In the summer of 1988, I traveled to Calgary, AB, to help my friend Chad H. move back to South Dakota after graduating from college. In retrospect, I didn’t help him move so much as I provided company in the car while on the road.
I had been pianist that summer for the Prairie Repertory Theatre at SDSU. We had staged a production of the melodrama called “The Drunkard”. At that time, each production opened in Donor Auditorium on the campus of SDSU, then moved forty miles down the road to a theatre at Prairie Village near Madison, SD. After the last performance of the summer, my parents took me to Sioux Falls so that I could catch a flight the next day to Calgary.
Chad met me at the airport and took me to his father’s home where we spent his last few days before hitting the road. On one of those days, his father insisted that Chad take me up to Banff National Park. I hadn’t done my homework in researching what the locals boasted for attractions. So I didn’t know what to expect. I put forth a query to Chad, What kind of park will we see? He responded with a grin and said, “Bring your camera.”

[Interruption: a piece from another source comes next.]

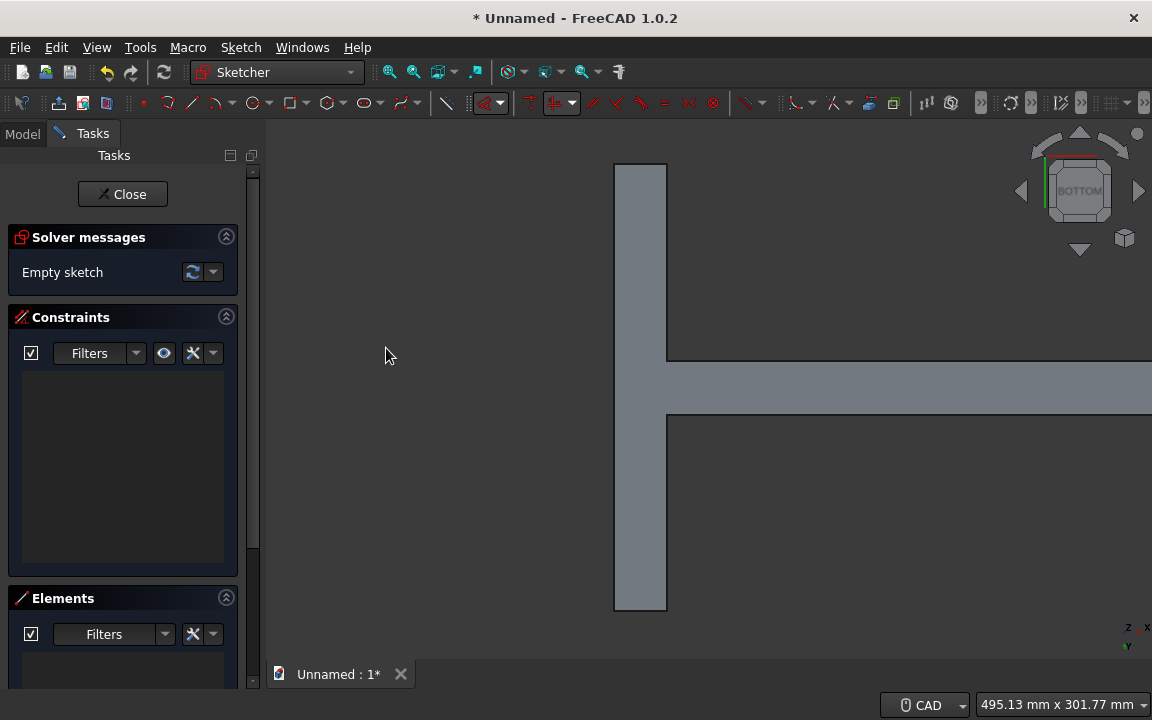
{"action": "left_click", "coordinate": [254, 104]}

At no time in the entire planning of this trip did anybody say the following two words: Canadian Rockies. I wish that I could tell you specifics of all of the things that we saw and did, but it all went by in a beautiful blur. But I can tell you that I saw Lake Louise and the Fairmont Chateau Hotel. And we drove for a while on the Icefields Parkway. Somehow I talked Chad into suspending his fear of heights for a trip on the Banff Gondola.
Calgary had hosted the 1988 Winter Olympics and Chad drove me around town to see the different venues. We then packed the cars and trailer that afternoon so that we could start the long path toward South Dakota early the next morning, driving through Alberta, Saskatchewan and North Dakota.
For years the memory of this trip remained static, frozen on a computer screen, encapsulated in recollection cement. When I told my mom how much I enjoyed that Sounds of Yellowstone CD, she noted where it came from and looked them up on line to see if they had made similar CD’s from other National Parks. And on the following Christmas morning, my stocking contained The Sounds Of The Canadian Rockies.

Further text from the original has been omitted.